CHAPITRE XI

La côte se dessinait, masse sombre sur le noir du ciel piqueté de quelques étoiles car Mérova ne possédait pas de lune.

-Nous approchons du plateau aride, au nord du marais, dit Ray. Les détecteurs restent muets. Aucun être vivant, aucune source d'énergie, aucune masse métallique. Je crains que ton hypothèse d'un vaisseau qui se serait posé dans cette région ne soit pas vérifiée.

Quelques points brillants apparurent sur l'écran du tableau de bord.

-Nous approchons du marais. Ce sont des échos biologiques correspondant à des animaux de petite taille, commenta Ray. Que décides-tu, Marc? Il ne nous reste plus que trente minutes d'obscurité.

Se remémorer la géographie de l'île, la disposition des villages, les étapes de la précédente mission.

-Pose-toi à proximité du seul village qui existe entre Heva et le marais. Nous dirons que nous venons d'un village de montagne et que nous avons longé le fleuve. Si nous n'y apprenons rien, nous gagnerons la capitale.

Quelques minutes plus tard, le module prit contact en douceur avec le sol. Déjà Olivier s'apprêtait à ouvrir la porte mais Marc le retint :

-Nous devons attendre le résultat des analyseurs.

-Pourquoi ? Tu sais fort bien que l'atmosphère de Mérova est identique à celle de la Terre. Elle est même beaucoup moins polluée.
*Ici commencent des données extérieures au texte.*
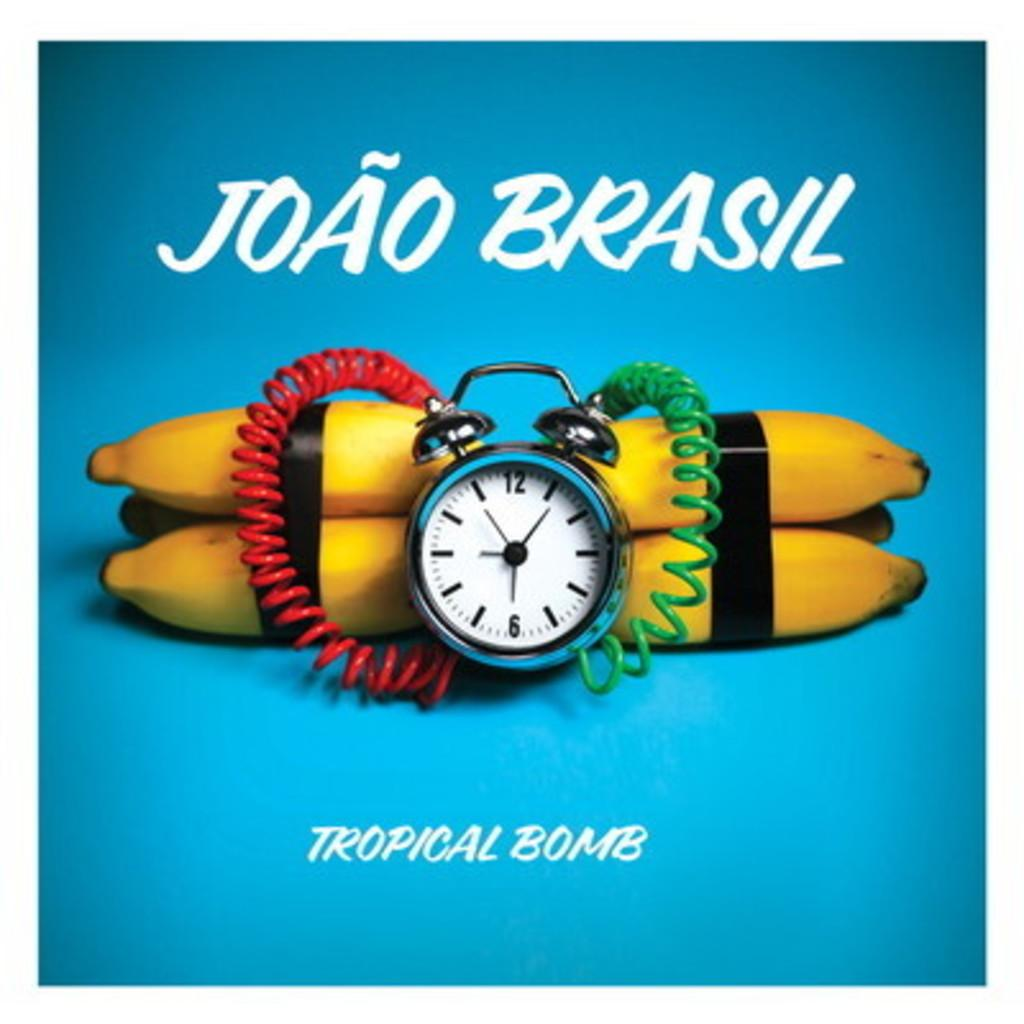<image>
Present a compact description of the photo's key features. Some bananas are wired like a bomb with the caption Tropical Bomb. 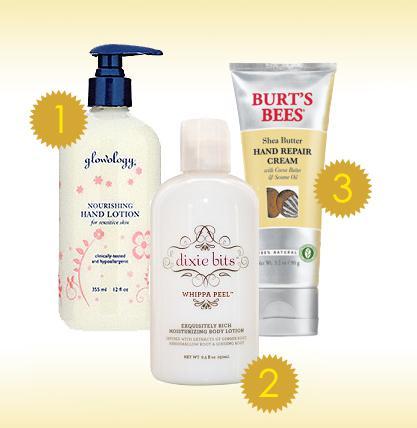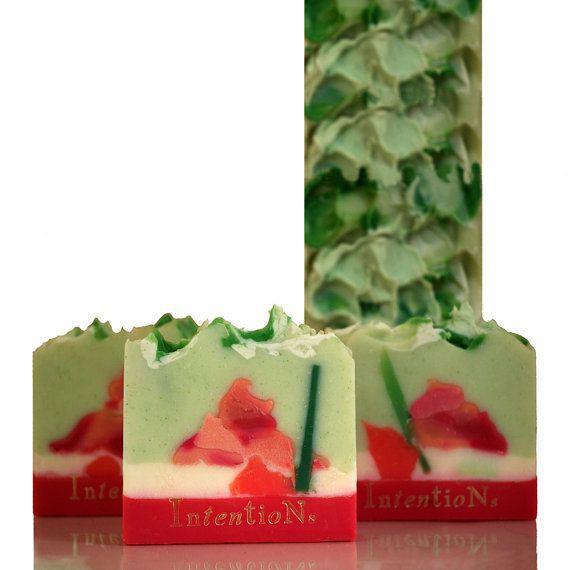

-Ce sont les consignes de sécurité! Qui sait si le hasard ne nous a pas fait atterrir dans une zone pestilentielle.

-Que de temps perdu!

-Mais peut-être quelques existences préservées.

Ray se manifesta psychiquement.

-Très bien, ton petit discours, ironisa-t-il. Crois bien qu'il est enregistré dans mes mémoires. Je ne manquerai pas de te le resservir à l'occasion!

-Si ce gosse veut être astronaute, autant qu'il prenne dès maintenant des habitudes correctes !

-Entièrement d'accord. Un enseignant se doit toujours de montrer le bon exemple.

Puis à voix haute, il reprit :

-Les analyses sont satisfaisantes. Aucune substance toxique! Vous pouvez descendre. N'oubliez pas de vérifier vos écrans protecteurs. Il peut exister de dangereux prédateurs nocturnes.

-C'est peu probable, gloussa Oliver. La précédente exploration en aurait signalé la présence.

-Obéis à Ray, dit Marc. Crois-moi, sur des planètes primitives, les moustiques et les guêpes sont souvent plus désagréables qu'un affreux fauve assoiffé de sang.

A terre, ils respirèrent avec plaisir l'air chaud et parfumé de la nuit, combien plus agréable que l'atmosphère aseptisée et régénérée d'un astronef.

Ray descendit le dernier et referma la porte du module. Un léger ronronnement naquit et l'engin s'éleva pour disparaître très vite dans l'obscurité du ciel. Il était programmé pour regagner en pilotage automatique le Mercure.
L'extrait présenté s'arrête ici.